● TASK DIRECTIONS: Working from the records below, repeat exactly the lines starting at the line that contains "Answer yes or no. No. Is Lawn Green the" and ending at the line that contains "Answer yes or no. Yes. Is Dodger", inclusive.

Data entries

┄┄┄┄┄┄┄┄┄┄

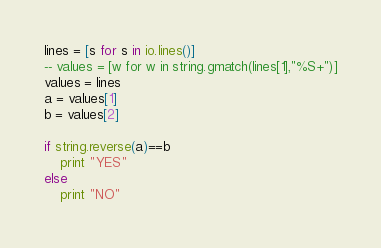<code> <loc_0><loc_0><loc_500><loc_500><_MoonScript_>lines = [s for s in io.lines()]
-- values = [w for w in string.gmatch(lines[1],"%S+")]
values = lines
a = values[1]
b = values[2]

if string.reverse(a)==b
	print "YES"
else
	print "NO"</code> 
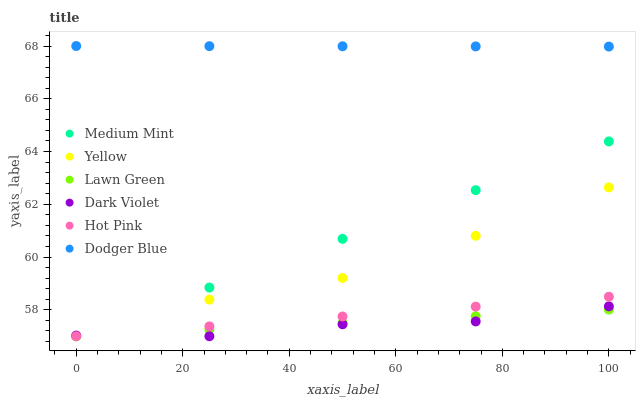Does Dark Violet have the minimum area under the curve?
Answer yes or no. Yes. Does Dodger Blue have the maximum area under the curve?
Answer yes or no. Yes. Does Lawn Green have the minimum area under the curve?
Answer yes or no. No. Does Lawn Green have the maximum area under the curve?
Answer yes or no. No. Is Medium Mint the smoothest?
Answer yes or no. Yes. Is Yellow the roughest?
Answer yes or no. Yes. Is Lawn Green the smoothest?
Answer yes or no. No. Is Lawn Green the roughest?
Answer yes or no. No. Does Medium Mint have the lowest value?
Answer yes or no. Yes. Does Dodger Blue have the lowest value?
Answer yes or no. No. Does Dodger Blue have the highest value?
Answer yes or no. Yes. Does Hot Pink have the highest value?
Answer yes or no. No. Is Dark Violet less than Dodger Blue?
Answer yes or no. Yes. Is Dodger Blue greater than Lawn Green?
Answer yes or no. Yes. Does Lawn Green intersect Dark Violet?
Answer yes or no. Yes. Is Lawn Green less than Dark Violet?
Answer yes or no. No. Is Lawn Green greater than Dark Violet?
Answer yes or no. No. Does Dark Violet intersect Dodger Blue?
Answer yes or no. No.

┄┄┄┄┄┄┄┄┄┄

● ANSWER SECTION:
Answer yes or no. No. Is Lawn Green the roughest?
Answer yes or no. No. Does Medium Mint have the lowest value?
Answer yes or no. Yes. Does Dodger Blue have the lowest value?
Answer yes or no. No. Does Dodger Blue have the highest value?
Answer yes or no. Yes. Does Hot Pink have the highest value?
Answer yes or no. No. Is Dark Violet less than Dodger Blue?
Answer yes or no. Yes. Is Dodger Blue greater than Lawn Green?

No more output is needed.